What you will do: Before you return the entries below, strip out the pictures and keep all else exact.

Extracted records
—————

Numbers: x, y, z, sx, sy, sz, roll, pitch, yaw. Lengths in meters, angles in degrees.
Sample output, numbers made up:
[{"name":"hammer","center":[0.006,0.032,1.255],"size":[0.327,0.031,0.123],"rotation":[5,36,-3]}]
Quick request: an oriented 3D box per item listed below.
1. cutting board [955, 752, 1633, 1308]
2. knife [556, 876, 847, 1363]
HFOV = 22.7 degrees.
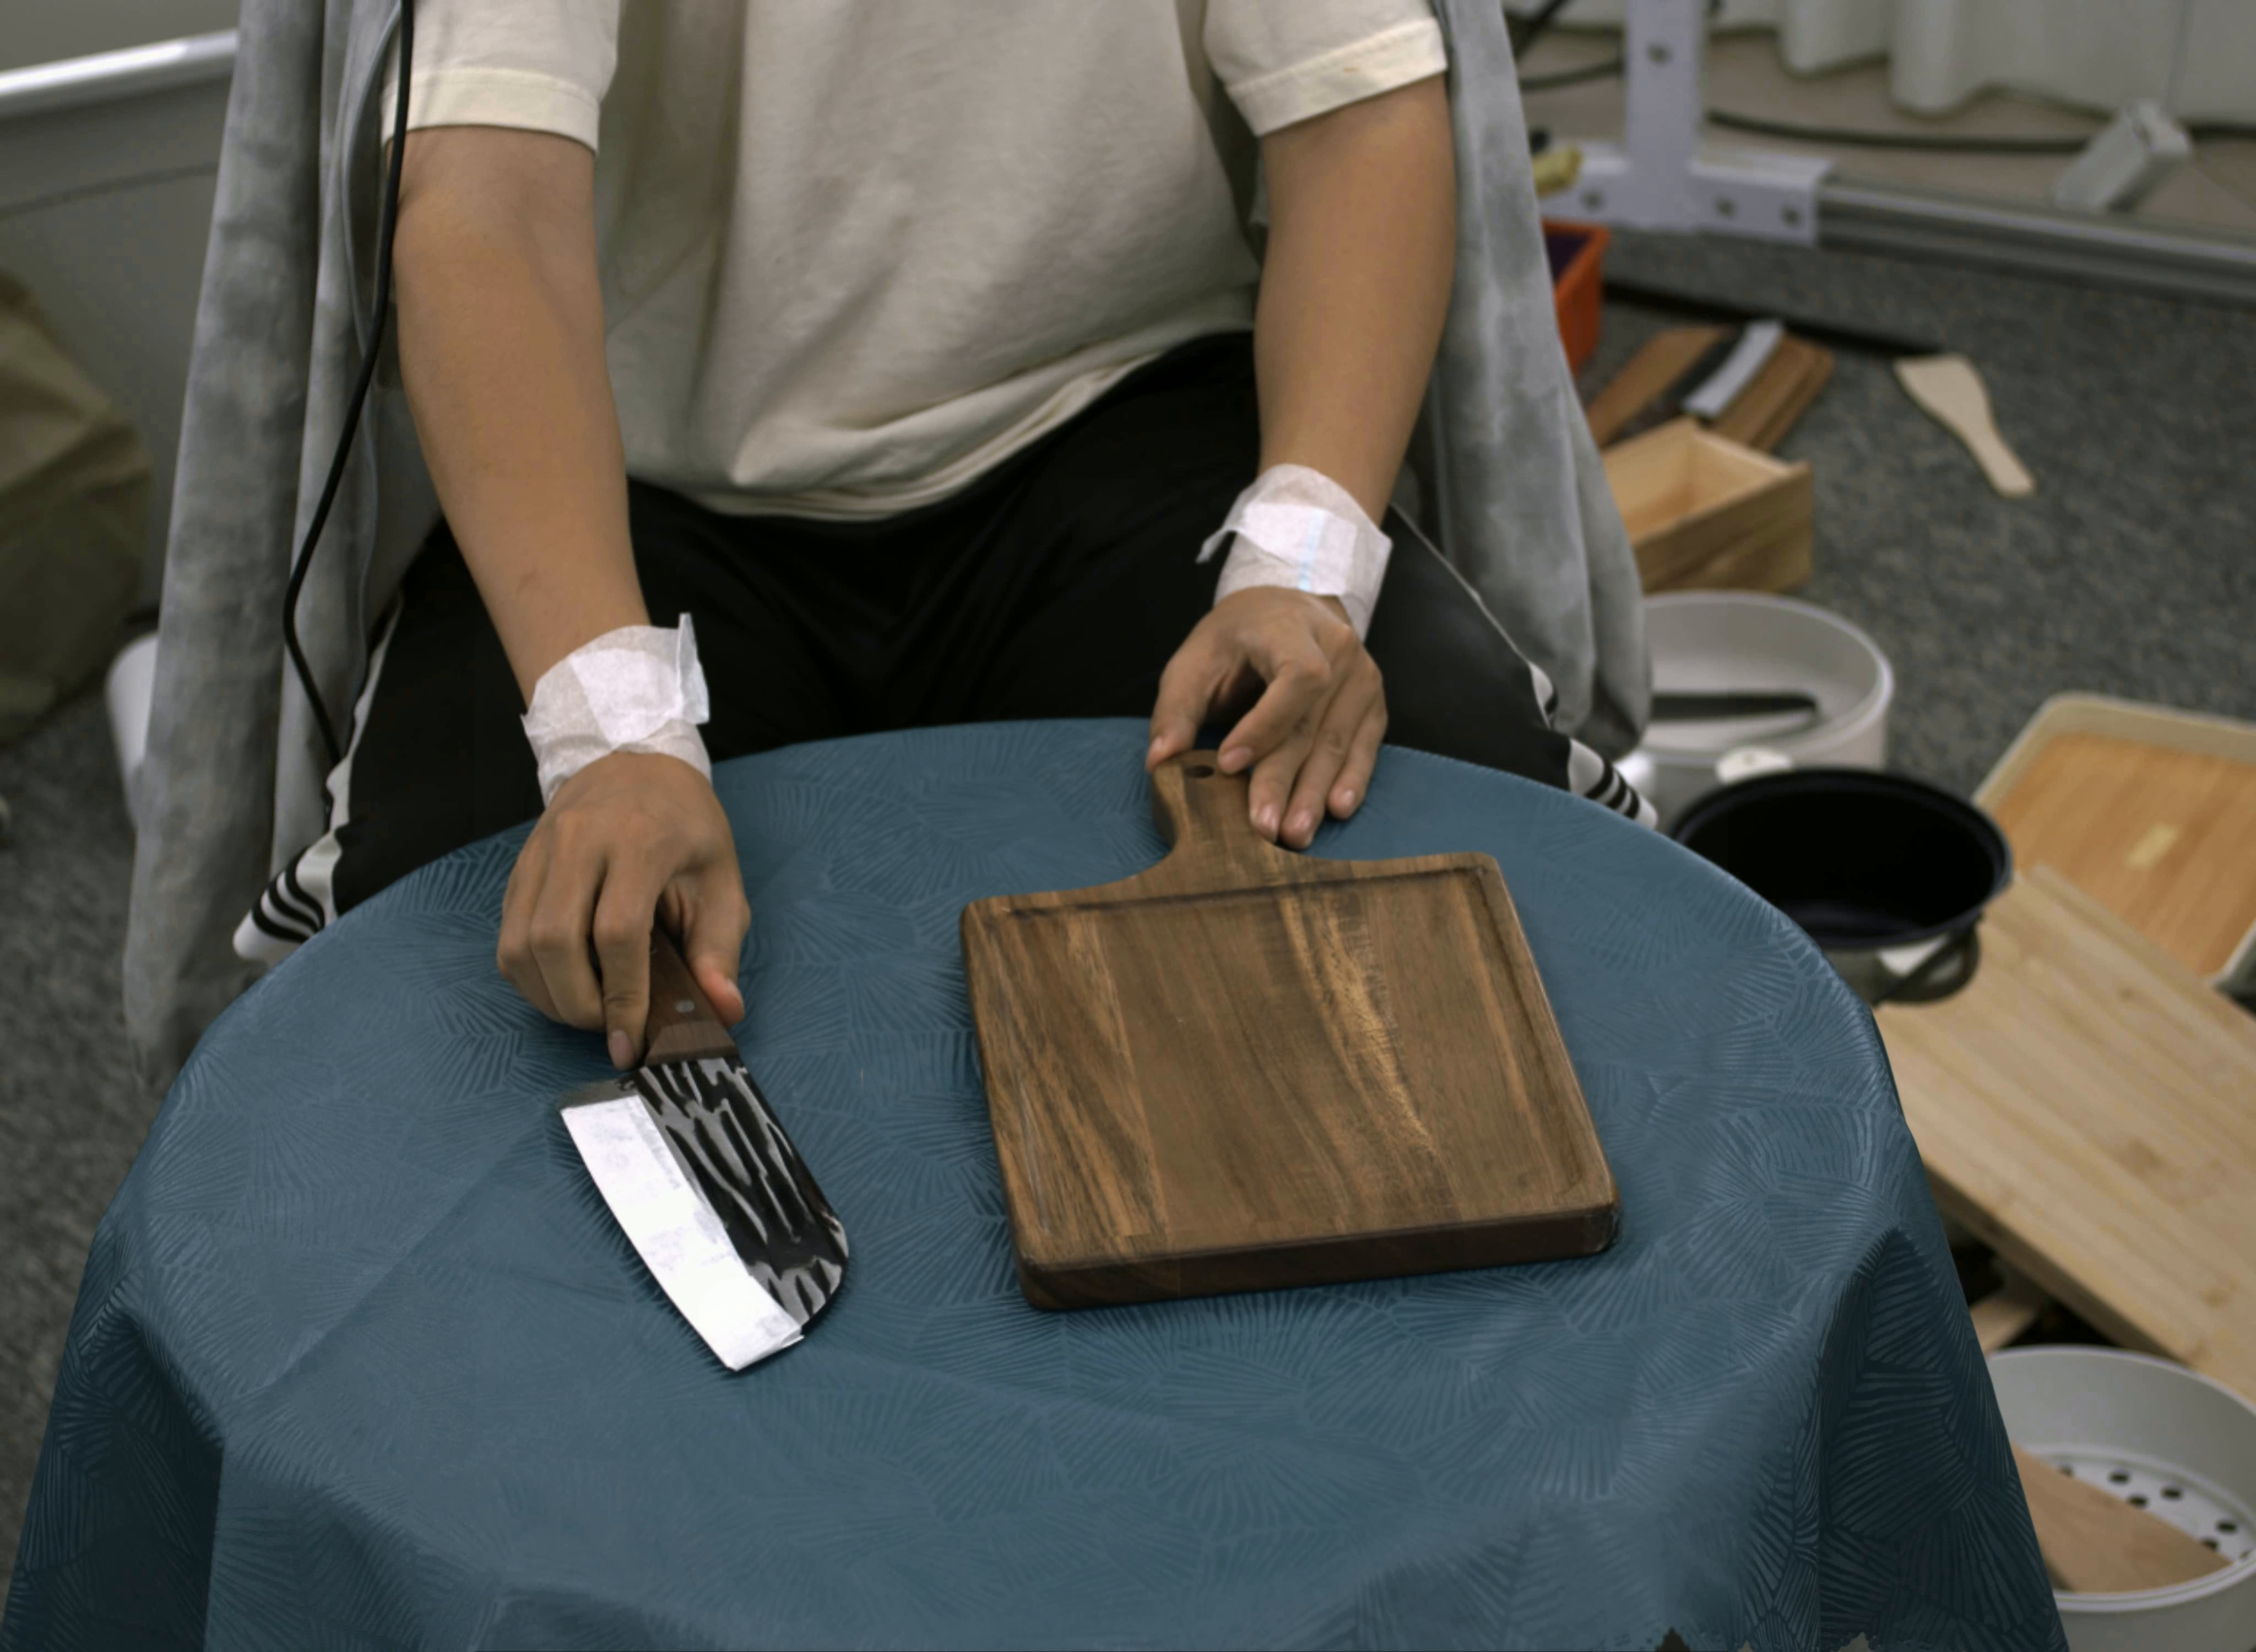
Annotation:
[{"name":"cutting board","center":[0.045,0.059,1.954],"size":[0.200,0.023,0.357],"rotation":[-5,27,-5]},{"name":"knife","center":[-0.155,0.097,1.900],"size":[0.068,0.023,0.302],"rotation":[-11,31,-16]}]

—————

Expected output:
Numbers: x, y, z, sx, sy, sz, roll, pitch, yaw. Lengths in meters, angles in degrees.
Sample output, numbers made up:
[{"name":"hammer","center":[0.006,0.032,1.255],"size":[0.327,0.031,0.123],"rotation":[5,36,-3]}]
Quick request: an oriented 3D box per item listed below.
1. cutting board [955, 752, 1633, 1308]
2. knife [556, 876, 847, 1363]
HFOV = 22.7 degrees.
Annotation:
[{"name":"cutting board","center":[0.045,0.059,1.954],"size":[0.200,0.023,0.357],"rotation":[-5,27,-5]},{"name":"knife","center":[-0.155,0.097,1.900],"size":[0.068,0.023,0.302],"rotation":[-11,31,-16]}]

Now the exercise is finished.